(Extracted records)
= = = = =
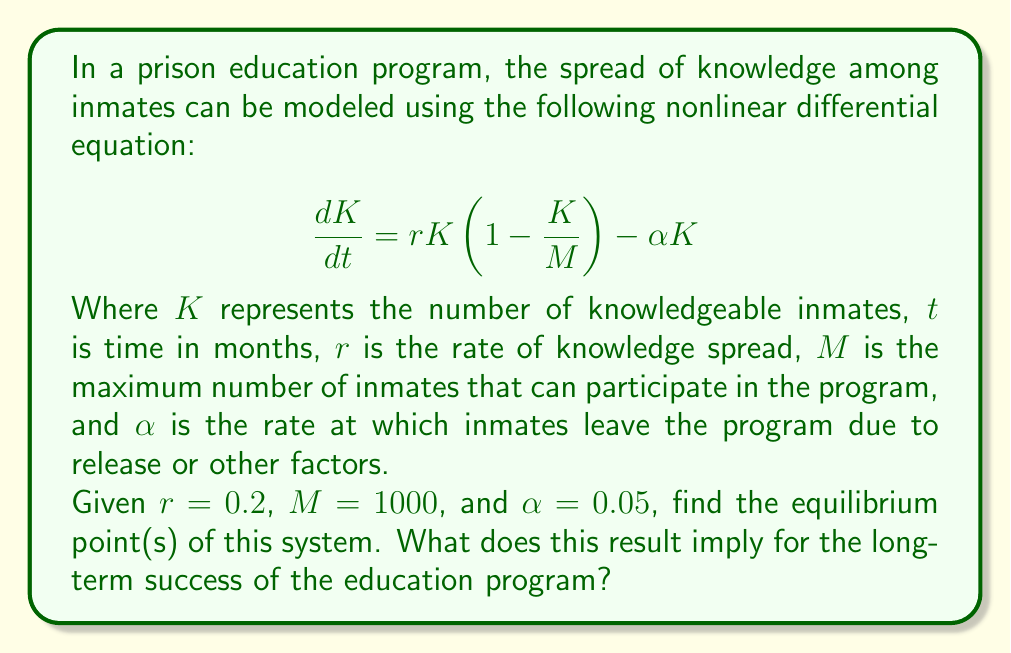Solve this math problem. To find the equilibrium points, we set $\frac{dK}{dt} = 0$ and solve for $K$:

$$0 = rK(1-\frac{K}{M}) - \alpha K$$

$$0 = 0.2K(1-\frac{K}{1000}) - 0.05K$$

Factoring out $K$:

$$0 = K(0.2(1-\frac{K}{1000}) - 0.05)$$

This equation is satisfied when either $K = 0$ or the term in parentheses equals zero. Let's solve the second case:

$$0.2(1-\frac{K}{1000}) - 0.05 = 0$$

$$0.2 - \frac{0.2K}{1000} - 0.05 = 0$$

$$0.15 - \frac{0.2K}{1000} = 0$$

$$0.15 = \frac{0.2K}{1000}$$

$$750 = K$$

Therefore, the equilibrium points are $K = 0$ and $K = 750$.

The non-zero equilibrium point ($K = 750$) represents a stable state where the number of knowledgeable inmates remains constant. This implies that in the long term, the education program can successfully maintain a significant portion (75%) of the maximum capacity engaged in learning, despite the continuous influx and outflow of inmates.

The zero equilibrium point ($K = 0$) is unstable and represents a state where the program has failed to engage any inmates, which is unlikely in practice given a well-designed education initiative.
Answer: Equilibrium points: $K = 0$ and $K = 750$ 
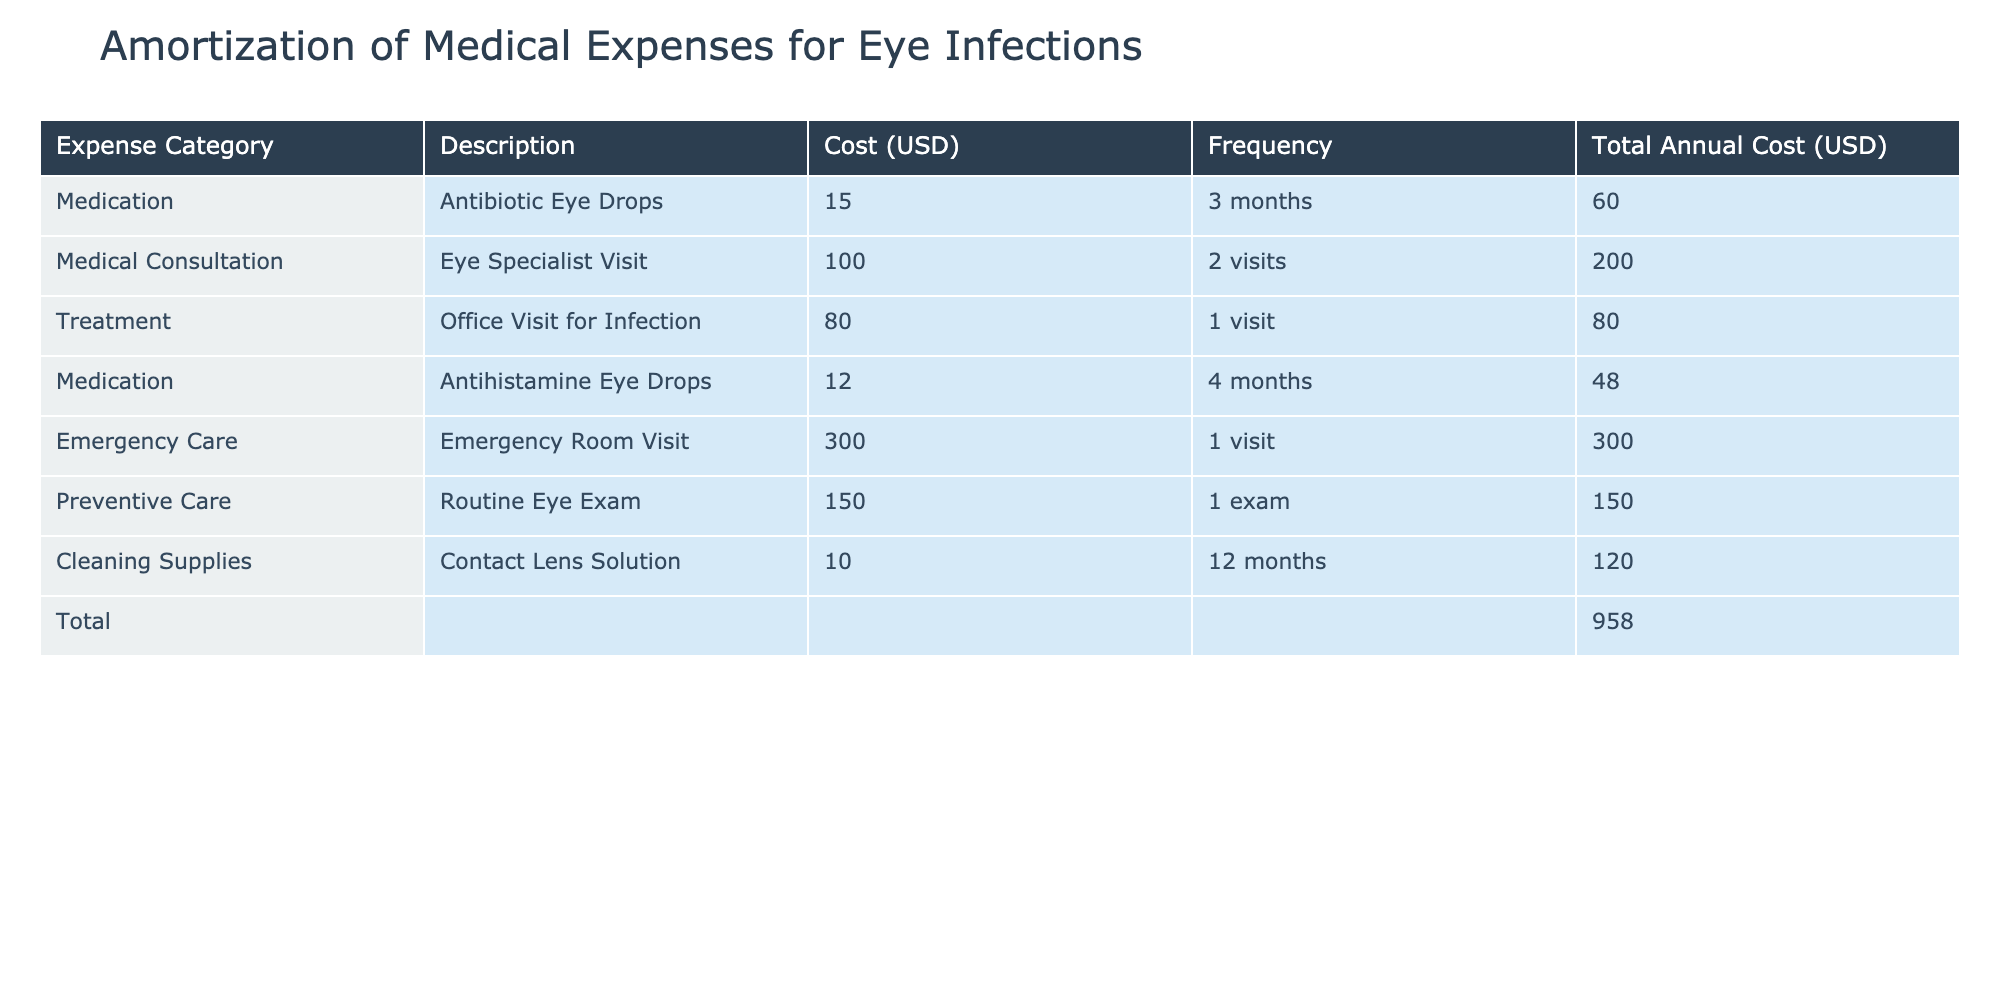What is the total annual cost for medication expenses? To find the total annual cost for medication expenses, we need to sum the 'Total Annual Cost (USD)' for the rows categorized under medication. From the table, the medication expenses are: Antibiotic Eye Drops ($60.00) and Antihistamine Eye Drops ($48.00). Adding these gives us 60 + 48 = 108.00.
Answer: 108.00 How much does an emergency room visit cost? The table provides a specific entry for Emergency Care, which lists the Emergency Room Visit at a cost of $300.00. Therefore, the cost for an emergency room visit is directly given in the table.
Answer: 300.00 Is the cost of the preventive care higher than the total cost for medications? The cost for Preventive Care (Routine Eye Exam) is $150.00, and we already calculated the total cost for medications as $108.00. Since 150.00 is greater than 108.00, this statement is true.
Answer: Yes What category has the highest total annual cost? To determine which category has the highest total annual cost, we look at the total annual costs for each category: Medication ($108.00), Medical Consultation ($200.00), Treatment ($80.00), Emergency Care ($300.00), Preventive Care ($150.00), and Cleaning Supplies ($120.00). The highest total comes from Emergency Care at $300.00.
Answer: Emergency Care What is the average cost of all medical consultations? The total cost for medical consultations includes the Eye Specialist Visit ($200.00) and the Office Visit for Infection ($80.00) for a total of 200 + 80 = 280. There are 2 consultations. To find the average, we divide the total by the number of consultations: 280 / 2 = 140.
Answer: 140.00 What are the total costs of cleaning supplies and preventive care combined? The total cost for Cleaning Supplies (Contact Lens Solution) is $120.00 and for Preventive Care (Routine Eye Exam) is $150.00. Adding these together gives us 120 + 150 = 270.
Answer: 270.00 Were there any expenses related to emergency care? Yes, there is an entry under Emergency Care for an Emergency Room Visit costing $300.00. Therefore, there is indeed an expense related to emergency care in the table.
Answer: Yes Which expense category has the lowest total cost? Looking at the total annual costs for each category, we see: Medication ($108.00), Medical Consultation ($200.00), Treatment ($80.00), Emergency Care ($300.00), Preventive Care ($150.00), and Cleaning Supplies ($120.00). The category with the lowest total cost is Treatment at $80.00.
Answer: Treatment 
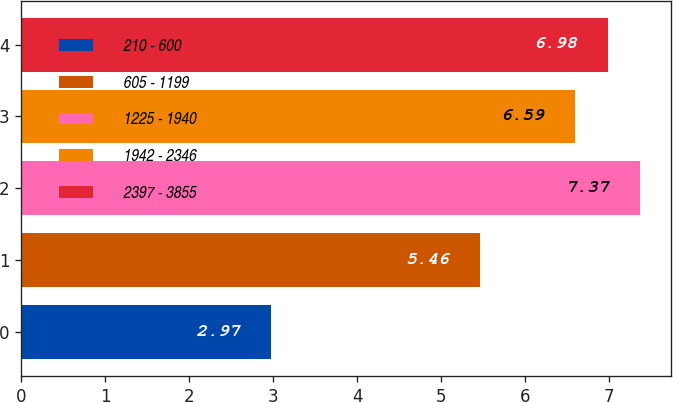Convert chart to OTSL. <chart><loc_0><loc_0><loc_500><loc_500><bar_chart><fcel>210 - 600<fcel>605 - 1199<fcel>1225 - 1940<fcel>1942 - 2346<fcel>2397 - 3855<nl><fcel>2.97<fcel>5.46<fcel>7.37<fcel>6.59<fcel>6.98<nl></chart> 
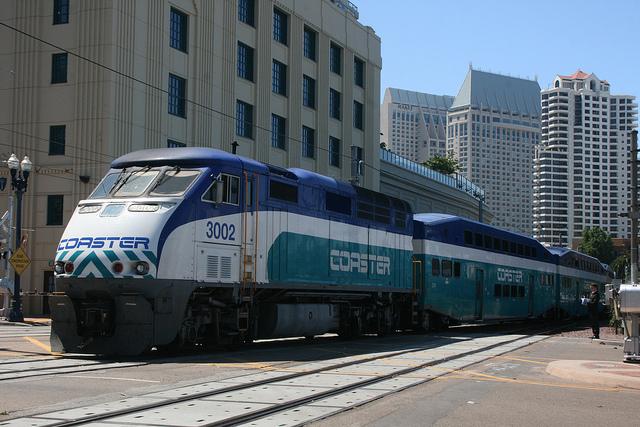What company name is on the train?
Short answer required. Coaster. What number is on the side of the train?
Concise answer only. 3002. Where is the train?
Answer briefly. Tracks. 
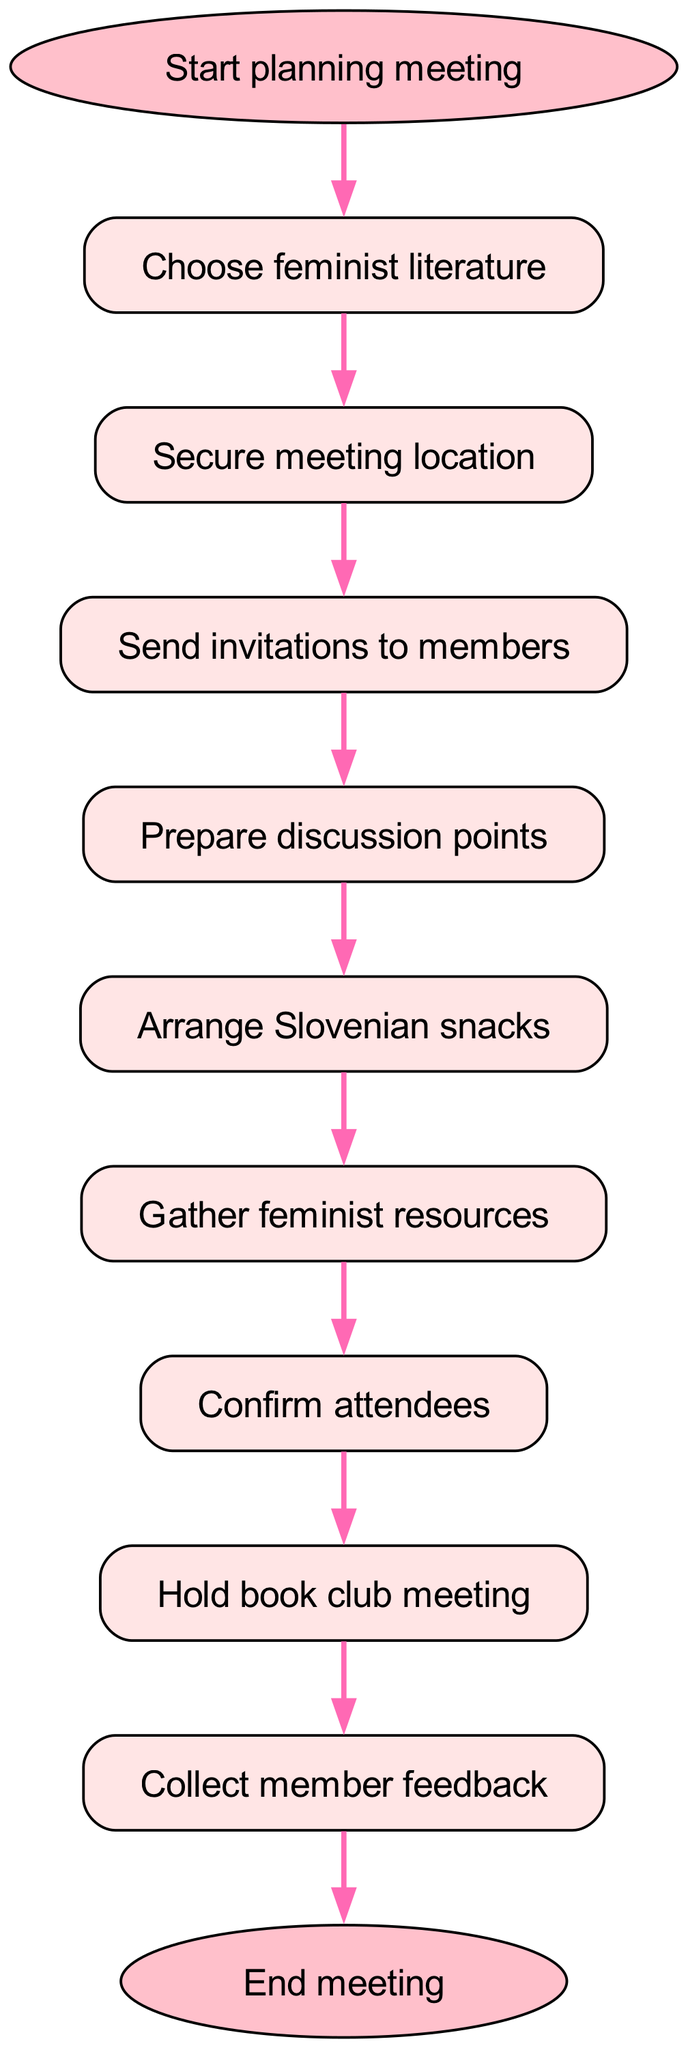What is the first step in planning the meeting? The diagram shows that the first step is "Start planning meeting." This is indicated by the "start" node, which is the initial point in the flowchart.
Answer: Start planning meeting How many nodes are there in the diagram? By counting the elements listed, there are a total of 11 nodes in the diagram. Each node represents a step in the flowchart.
Answer: 11 What is the last step of the meeting process? The final step is indicated by the "end" node, which states "End meeting." This shows the conclusion of the entire process.
Answer: End meeting Which step comes after securing the meeting location? According to the flow of the diagram, the step that follows "Secure meeting location" is "Send invitations to members." This is shown by the connection from the "venue" node to the "invite" node.
Answer: Send invitations to members What are the two steps before confirming attendees? The two steps before "Confirm attendees" are "Gather feminist resources" and "Prepare discussion points." This is traced by following the edges back from the "confirm" node to the two preceding nodes.
Answer: Gather feminist resources, Prepare discussion points How many steps involve preparing something? The diagram shows a total of three steps that involve preparing: "Prepare discussion points," "Arrange Slovenian snacks," and "Gather feminist resources." Thus, the answer is deduced by identifying all nodes that involve preparation.
Answer: 3 What is the relationship between sending invitations and preparing discussion points? The diagram shows that "Send invitations to members" comes after "Prepare discussion points." This implies an order where invitations are sent after discussion points have been prepared.
Answer: Send invitations to members comes after preparing discussion points What type of resources are gathered before confirming attendees? The flowchart specifies "Gather feminist resources" as the task prior to "Confirm attendees." This emphasizes the focus on feminist literature and discussions.
Answer: Feminist resources How does feedback fit into the overall meeting process? According to the flowchart, "Collect member feedback" follows the "Hold book club meeting" step, indicating that feedback is gathered after the meeting takes place. This is crucial for assessing the meeting's effectiveness.
Answer: Feedback comes after the meeting 
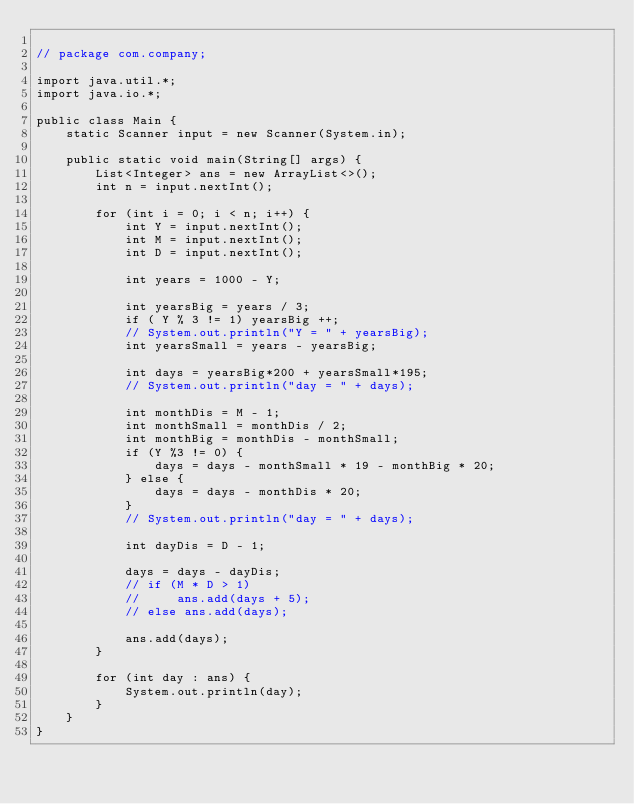Convert code to text. <code><loc_0><loc_0><loc_500><loc_500><_Java_>
// package com.company;

import java.util.*;
import java.io.*;

public class Main {
    static Scanner input = new Scanner(System.in);

    public static void main(String[] args) {
        List<Integer> ans = new ArrayList<>();
        int n = input.nextInt();

        for (int i = 0; i < n; i++) {
            int Y = input.nextInt();
            int M = input.nextInt();
            int D = input.nextInt();

            int years = 1000 - Y;

            int yearsBig = years / 3;
            if ( Y % 3 != 1) yearsBig ++;
            // System.out.println("Y = " + yearsBig);
            int yearsSmall = years - yearsBig;

            int days = yearsBig*200 + yearsSmall*195;
            // System.out.println("day = " + days);

            int monthDis = M - 1;
            int monthSmall = monthDis / 2;
            int monthBig = monthDis - monthSmall;
            if (Y %3 != 0) {
                days = days - monthSmall * 19 - monthBig * 20;
            } else {
                days = days - monthDis * 20;
            }
            // System.out.println("day = " + days);

            int dayDis = D - 1;

            days = days - dayDis;
            // if (M * D > 1)
            //     ans.add(days + 5);
            // else ans.add(days);

            ans.add(days);
        }

        for (int day : ans) {
            System.out.println(day);
        }
    }
}
</code>
= = = = =
* Task statement *
Go line by line through the records above and copy each one containing "monthBig".

* Written response *
            int monthBig = monthDis - monthSmall;
                days = days - monthSmall * 19 - monthBig * 20;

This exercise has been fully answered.